━━ EXCERPTED RECORDS

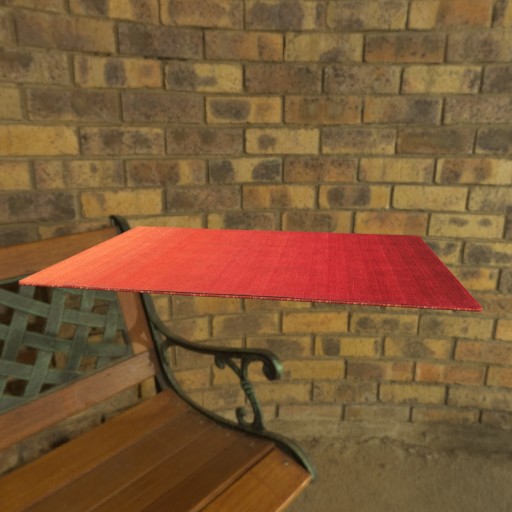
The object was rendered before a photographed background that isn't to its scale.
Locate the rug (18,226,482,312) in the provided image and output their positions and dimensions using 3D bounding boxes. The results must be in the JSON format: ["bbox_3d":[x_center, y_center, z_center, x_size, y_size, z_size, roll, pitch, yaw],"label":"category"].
[{"bbox_3d":[0.000,0.000,2.288,1.835,0.018,1.230,2,15,9],"label":"rug"}]
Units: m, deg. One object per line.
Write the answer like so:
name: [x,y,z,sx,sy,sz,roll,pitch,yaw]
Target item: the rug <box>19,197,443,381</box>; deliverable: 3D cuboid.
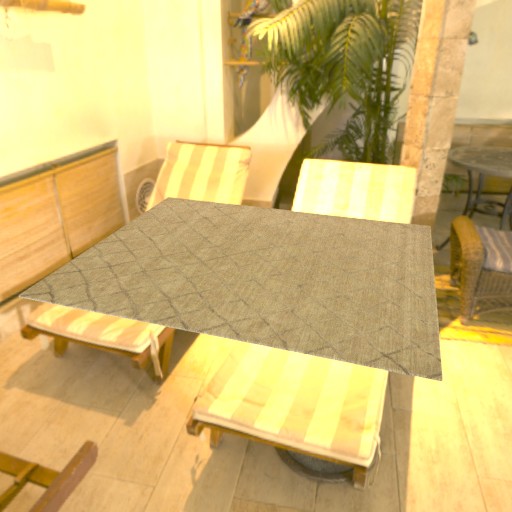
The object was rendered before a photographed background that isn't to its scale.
rug: [0.000,0.000,4.001,3.038,0.019,2.420,8,28,16]
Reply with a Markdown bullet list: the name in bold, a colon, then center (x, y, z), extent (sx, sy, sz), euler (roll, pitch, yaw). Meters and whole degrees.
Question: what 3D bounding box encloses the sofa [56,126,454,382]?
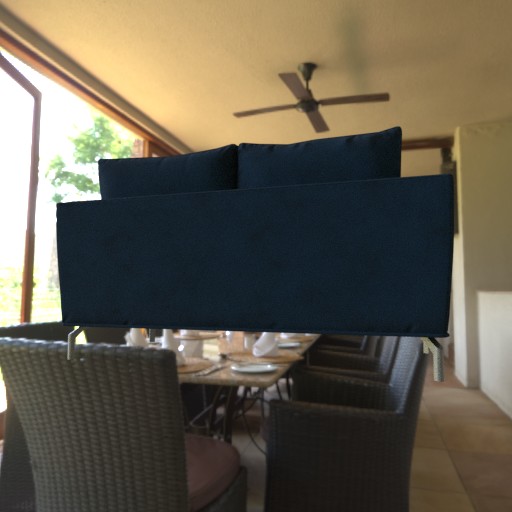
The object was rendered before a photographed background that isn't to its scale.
- **sofa**: center (0.000, 0.000, 2.236), extent (1.770, 1.002, 0.853), euler (-1, -4, 18)
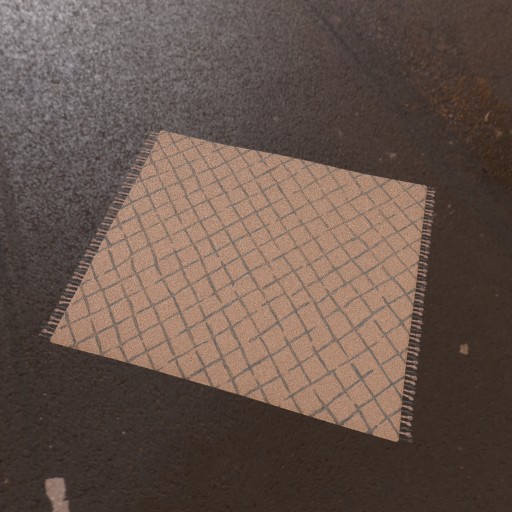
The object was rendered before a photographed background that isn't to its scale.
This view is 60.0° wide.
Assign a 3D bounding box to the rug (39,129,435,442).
[{"bbox_3d":[0.000,0.000,4.726,3.585,0.036,2.892,14,61,8],"label":"rug"}]
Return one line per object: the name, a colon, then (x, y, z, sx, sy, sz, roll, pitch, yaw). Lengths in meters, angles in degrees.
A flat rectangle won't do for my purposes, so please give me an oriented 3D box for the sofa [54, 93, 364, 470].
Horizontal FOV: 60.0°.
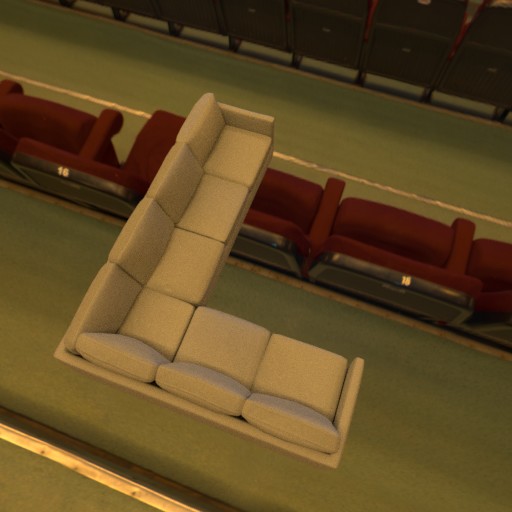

━━━━

## WORK TASK
What is needed is each line of the entries that contains the word "name".

## RESPONSE
name: [x,y,z,sx,sy,sz,roll,pitch,yaw]
Reply with a Markdown bullet list: the name in bold, a colon, then center (x, y, z), extent (sx, sy, sz), euler (roll, pitch, yaw). Meters and whole degrees.
Return one line per object: the name, a colon, then (x, y, z, sx, sy, sz, roll, pitch, yaw). Lengths in meters, angles in degrees.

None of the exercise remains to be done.